▶ _What you should do_: Give the number of lines in the data that hold the word "side", and nothing else.
::::::::
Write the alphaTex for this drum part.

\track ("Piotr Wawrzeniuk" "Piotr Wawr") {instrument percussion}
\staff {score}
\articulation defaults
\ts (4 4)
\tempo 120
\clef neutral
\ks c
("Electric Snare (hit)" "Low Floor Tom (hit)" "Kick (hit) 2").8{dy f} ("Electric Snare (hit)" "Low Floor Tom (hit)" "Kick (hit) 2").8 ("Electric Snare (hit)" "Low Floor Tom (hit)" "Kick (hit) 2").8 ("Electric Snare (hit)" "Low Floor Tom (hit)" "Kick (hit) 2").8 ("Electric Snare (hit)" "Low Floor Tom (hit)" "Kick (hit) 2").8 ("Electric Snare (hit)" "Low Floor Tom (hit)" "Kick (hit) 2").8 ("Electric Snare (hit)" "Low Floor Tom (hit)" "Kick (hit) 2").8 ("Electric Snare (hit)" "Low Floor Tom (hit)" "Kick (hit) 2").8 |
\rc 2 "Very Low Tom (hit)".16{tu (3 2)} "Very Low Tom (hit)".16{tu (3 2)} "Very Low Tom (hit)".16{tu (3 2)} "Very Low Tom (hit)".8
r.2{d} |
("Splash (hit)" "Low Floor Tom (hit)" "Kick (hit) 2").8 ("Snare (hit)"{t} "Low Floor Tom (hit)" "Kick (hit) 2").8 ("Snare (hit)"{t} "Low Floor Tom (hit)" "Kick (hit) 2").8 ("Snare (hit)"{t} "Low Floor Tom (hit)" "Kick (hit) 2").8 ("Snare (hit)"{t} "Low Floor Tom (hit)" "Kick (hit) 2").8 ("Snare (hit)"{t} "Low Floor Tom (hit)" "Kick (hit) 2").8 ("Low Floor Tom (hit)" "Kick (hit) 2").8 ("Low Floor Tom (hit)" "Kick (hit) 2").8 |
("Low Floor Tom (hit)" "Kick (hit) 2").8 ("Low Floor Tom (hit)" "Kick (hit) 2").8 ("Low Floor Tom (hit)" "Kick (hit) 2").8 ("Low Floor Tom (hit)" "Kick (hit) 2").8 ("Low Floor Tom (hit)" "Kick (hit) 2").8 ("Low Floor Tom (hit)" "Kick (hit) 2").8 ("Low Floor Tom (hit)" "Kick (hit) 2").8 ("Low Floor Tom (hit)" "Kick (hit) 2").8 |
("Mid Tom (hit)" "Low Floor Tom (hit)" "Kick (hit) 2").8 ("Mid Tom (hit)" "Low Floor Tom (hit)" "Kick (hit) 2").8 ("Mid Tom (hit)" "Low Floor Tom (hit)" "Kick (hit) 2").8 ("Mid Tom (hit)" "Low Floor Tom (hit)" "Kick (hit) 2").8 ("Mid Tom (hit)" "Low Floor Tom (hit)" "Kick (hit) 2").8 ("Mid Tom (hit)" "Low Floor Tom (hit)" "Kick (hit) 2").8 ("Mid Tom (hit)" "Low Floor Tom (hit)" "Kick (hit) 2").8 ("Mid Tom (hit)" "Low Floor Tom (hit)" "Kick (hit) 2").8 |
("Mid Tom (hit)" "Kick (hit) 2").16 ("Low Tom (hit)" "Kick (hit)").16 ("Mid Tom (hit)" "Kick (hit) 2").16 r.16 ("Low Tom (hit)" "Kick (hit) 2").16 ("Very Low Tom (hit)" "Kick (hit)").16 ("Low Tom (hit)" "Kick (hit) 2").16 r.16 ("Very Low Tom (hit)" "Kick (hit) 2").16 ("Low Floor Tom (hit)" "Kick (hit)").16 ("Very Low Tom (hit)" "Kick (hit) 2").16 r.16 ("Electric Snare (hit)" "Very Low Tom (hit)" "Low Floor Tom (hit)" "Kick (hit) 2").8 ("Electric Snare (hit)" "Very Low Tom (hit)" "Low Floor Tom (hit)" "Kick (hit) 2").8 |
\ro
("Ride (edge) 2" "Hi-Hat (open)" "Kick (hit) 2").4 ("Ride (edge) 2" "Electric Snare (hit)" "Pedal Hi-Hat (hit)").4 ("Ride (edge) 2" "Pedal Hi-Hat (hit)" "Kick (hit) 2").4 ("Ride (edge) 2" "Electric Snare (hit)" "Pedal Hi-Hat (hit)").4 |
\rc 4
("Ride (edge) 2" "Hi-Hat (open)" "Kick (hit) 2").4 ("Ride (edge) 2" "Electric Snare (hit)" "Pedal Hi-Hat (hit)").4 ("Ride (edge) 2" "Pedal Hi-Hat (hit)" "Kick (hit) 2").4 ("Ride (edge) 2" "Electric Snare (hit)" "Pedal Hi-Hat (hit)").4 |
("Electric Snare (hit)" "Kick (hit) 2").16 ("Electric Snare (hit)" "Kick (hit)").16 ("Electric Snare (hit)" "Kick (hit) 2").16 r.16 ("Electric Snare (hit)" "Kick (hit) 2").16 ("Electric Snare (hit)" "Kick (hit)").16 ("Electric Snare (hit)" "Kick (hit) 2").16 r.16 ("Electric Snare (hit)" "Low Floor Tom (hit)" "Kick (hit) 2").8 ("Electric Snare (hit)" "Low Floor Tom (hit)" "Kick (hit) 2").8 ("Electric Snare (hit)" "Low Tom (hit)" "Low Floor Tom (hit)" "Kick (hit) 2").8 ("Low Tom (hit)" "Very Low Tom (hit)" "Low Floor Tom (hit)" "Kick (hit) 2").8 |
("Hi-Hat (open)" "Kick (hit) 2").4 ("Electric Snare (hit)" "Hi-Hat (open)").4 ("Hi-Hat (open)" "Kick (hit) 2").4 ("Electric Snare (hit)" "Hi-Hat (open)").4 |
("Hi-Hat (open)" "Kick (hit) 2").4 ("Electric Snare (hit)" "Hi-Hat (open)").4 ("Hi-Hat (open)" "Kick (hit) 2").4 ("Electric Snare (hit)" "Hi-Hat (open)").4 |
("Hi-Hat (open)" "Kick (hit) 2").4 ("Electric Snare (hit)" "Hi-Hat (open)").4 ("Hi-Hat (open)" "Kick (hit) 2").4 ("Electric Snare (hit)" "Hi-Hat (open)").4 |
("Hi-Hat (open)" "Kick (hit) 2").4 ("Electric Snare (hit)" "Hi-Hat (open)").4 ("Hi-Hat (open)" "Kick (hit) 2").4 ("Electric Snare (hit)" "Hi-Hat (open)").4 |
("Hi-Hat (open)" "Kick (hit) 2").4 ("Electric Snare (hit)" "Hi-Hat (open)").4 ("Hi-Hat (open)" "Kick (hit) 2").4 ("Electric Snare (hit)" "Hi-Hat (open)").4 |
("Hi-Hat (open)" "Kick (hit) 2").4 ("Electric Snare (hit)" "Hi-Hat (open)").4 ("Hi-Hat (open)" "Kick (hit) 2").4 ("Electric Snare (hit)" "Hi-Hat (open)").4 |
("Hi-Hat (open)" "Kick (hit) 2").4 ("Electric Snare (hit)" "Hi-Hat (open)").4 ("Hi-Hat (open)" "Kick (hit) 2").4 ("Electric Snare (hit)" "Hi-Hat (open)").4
::::::::
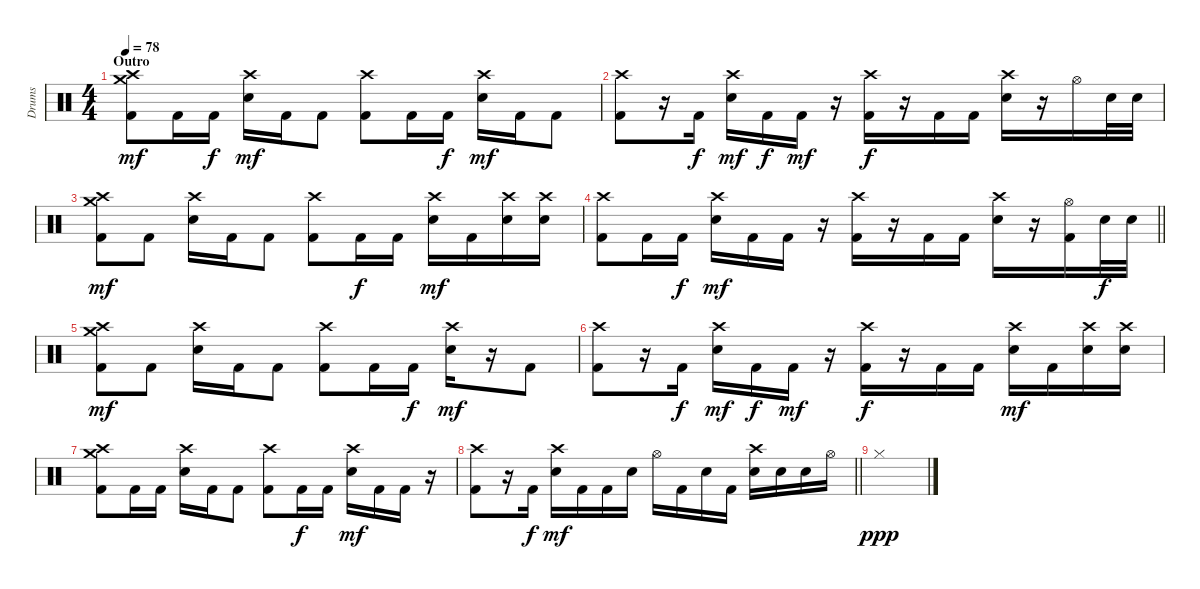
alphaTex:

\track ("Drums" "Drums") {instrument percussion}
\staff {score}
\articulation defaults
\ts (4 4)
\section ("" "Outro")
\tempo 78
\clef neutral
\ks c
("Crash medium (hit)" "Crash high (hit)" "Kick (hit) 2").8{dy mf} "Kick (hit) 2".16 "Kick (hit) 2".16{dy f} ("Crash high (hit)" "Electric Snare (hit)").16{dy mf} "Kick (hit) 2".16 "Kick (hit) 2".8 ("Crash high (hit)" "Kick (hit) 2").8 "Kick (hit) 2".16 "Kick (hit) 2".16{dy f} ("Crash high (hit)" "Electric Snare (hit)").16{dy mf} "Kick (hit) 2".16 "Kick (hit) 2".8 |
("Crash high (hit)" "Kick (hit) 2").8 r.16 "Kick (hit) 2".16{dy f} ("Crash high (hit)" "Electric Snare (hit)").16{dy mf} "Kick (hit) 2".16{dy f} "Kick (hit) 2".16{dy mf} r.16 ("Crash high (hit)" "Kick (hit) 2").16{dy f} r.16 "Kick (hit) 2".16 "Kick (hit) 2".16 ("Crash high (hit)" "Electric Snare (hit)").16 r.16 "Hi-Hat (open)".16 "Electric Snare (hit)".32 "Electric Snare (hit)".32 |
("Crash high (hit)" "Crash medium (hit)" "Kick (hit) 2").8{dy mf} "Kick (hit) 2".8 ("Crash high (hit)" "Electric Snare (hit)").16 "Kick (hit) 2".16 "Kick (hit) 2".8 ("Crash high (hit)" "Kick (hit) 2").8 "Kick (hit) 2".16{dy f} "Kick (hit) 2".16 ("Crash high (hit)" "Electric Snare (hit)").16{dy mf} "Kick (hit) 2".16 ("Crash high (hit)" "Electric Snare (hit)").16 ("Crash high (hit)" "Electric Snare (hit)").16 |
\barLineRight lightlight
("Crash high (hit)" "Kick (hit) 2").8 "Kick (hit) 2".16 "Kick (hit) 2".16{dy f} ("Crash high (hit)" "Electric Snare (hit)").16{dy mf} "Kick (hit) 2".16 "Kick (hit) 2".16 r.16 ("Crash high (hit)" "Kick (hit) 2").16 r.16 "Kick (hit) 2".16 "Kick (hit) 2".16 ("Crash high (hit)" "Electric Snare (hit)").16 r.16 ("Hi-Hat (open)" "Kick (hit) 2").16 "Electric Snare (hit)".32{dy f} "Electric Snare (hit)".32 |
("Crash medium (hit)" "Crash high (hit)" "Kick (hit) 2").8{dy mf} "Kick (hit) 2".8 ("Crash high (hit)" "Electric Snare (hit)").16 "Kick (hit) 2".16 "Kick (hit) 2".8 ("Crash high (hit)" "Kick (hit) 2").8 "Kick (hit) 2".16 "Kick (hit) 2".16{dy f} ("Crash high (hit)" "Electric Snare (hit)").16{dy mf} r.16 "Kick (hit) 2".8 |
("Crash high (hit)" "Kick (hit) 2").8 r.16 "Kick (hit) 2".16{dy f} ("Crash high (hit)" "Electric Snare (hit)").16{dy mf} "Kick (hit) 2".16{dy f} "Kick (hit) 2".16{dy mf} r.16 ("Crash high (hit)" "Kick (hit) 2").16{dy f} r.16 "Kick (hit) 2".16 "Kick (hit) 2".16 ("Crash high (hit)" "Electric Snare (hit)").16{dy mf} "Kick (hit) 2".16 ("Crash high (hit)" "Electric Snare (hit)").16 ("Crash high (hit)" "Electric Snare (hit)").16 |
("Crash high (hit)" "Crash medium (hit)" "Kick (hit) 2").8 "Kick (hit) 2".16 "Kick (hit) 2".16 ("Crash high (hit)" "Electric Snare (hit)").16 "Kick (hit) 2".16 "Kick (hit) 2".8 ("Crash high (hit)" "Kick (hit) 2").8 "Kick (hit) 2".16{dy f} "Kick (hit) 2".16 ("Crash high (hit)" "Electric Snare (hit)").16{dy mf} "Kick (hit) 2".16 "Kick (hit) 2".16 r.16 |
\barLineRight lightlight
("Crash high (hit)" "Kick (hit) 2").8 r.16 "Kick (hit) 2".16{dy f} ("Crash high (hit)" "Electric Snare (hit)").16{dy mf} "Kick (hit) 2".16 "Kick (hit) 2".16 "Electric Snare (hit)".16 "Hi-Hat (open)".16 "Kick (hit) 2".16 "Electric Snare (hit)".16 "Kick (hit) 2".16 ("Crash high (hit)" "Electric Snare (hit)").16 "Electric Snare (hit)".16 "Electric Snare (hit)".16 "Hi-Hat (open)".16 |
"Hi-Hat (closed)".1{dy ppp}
::::::::
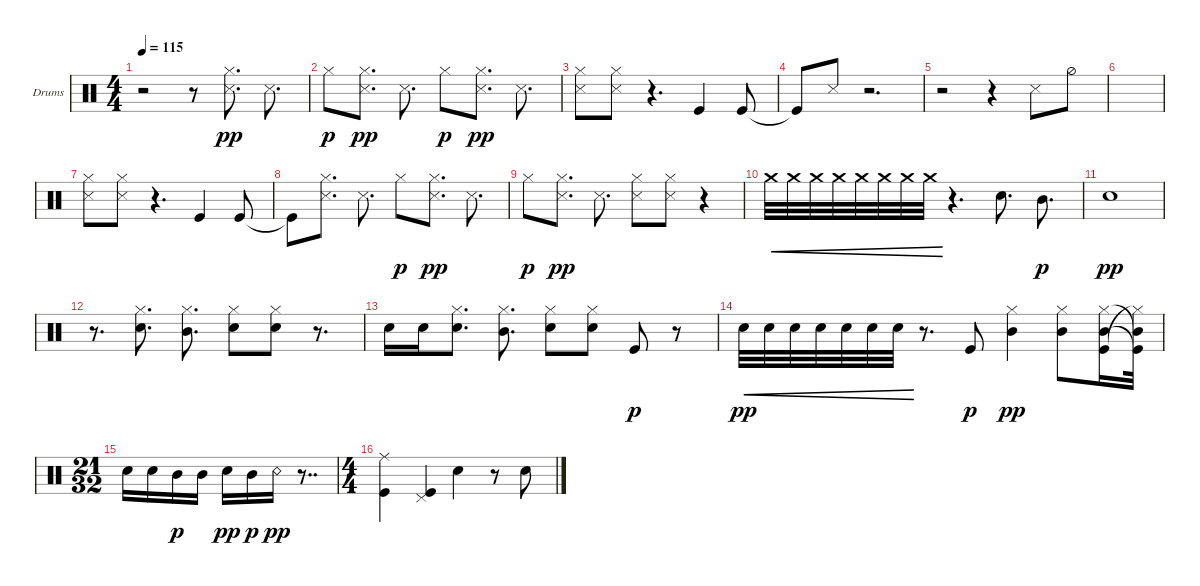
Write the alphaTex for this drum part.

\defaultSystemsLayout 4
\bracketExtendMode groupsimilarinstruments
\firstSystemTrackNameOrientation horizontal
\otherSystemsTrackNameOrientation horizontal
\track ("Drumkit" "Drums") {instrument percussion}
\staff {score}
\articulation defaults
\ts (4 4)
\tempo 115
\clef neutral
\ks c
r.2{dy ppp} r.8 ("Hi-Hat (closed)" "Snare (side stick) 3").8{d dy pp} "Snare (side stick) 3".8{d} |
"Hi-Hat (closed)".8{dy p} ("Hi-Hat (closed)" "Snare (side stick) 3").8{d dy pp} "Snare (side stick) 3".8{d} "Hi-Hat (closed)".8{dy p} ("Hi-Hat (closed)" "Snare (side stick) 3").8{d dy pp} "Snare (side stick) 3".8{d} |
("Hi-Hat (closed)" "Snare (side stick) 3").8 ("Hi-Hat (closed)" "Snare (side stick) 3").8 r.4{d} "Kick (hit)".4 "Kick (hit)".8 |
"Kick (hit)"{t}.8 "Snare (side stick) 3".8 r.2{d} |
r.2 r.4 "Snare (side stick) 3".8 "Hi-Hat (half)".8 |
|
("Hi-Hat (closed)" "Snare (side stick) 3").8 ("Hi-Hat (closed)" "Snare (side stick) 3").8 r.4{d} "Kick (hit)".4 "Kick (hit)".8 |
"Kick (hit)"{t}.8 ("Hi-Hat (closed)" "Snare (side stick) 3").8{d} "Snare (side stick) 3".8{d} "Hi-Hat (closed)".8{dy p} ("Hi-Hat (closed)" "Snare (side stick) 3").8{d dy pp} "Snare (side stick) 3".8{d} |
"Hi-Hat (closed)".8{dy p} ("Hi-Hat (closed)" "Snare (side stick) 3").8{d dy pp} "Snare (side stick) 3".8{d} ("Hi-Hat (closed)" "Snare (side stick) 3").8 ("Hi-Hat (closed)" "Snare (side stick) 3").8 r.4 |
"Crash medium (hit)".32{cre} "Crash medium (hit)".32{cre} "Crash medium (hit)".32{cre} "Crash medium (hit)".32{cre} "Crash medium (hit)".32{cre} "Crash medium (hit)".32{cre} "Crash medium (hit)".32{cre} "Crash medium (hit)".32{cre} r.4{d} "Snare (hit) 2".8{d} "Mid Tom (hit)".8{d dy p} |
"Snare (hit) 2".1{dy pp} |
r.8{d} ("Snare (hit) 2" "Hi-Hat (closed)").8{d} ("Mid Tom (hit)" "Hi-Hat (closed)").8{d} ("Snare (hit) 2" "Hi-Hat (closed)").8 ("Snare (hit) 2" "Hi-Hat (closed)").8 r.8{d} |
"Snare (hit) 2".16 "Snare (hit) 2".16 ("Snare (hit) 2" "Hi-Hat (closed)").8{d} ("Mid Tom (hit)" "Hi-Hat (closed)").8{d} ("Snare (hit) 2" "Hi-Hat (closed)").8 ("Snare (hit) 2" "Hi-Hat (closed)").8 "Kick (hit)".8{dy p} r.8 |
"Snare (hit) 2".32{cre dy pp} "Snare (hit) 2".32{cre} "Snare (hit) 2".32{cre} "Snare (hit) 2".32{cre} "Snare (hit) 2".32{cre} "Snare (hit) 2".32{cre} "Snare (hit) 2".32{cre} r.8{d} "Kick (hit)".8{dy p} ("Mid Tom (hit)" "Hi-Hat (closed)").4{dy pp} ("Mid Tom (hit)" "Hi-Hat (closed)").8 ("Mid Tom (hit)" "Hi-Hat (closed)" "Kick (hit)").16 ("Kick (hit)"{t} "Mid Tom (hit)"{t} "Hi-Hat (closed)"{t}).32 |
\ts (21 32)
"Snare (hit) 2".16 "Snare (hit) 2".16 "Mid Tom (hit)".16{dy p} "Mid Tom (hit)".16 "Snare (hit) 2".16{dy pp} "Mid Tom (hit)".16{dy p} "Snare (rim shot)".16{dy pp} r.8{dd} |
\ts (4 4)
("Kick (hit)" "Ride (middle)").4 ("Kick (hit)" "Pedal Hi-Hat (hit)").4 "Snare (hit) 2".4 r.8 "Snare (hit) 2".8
::::::::
▶ _Answer section_: 8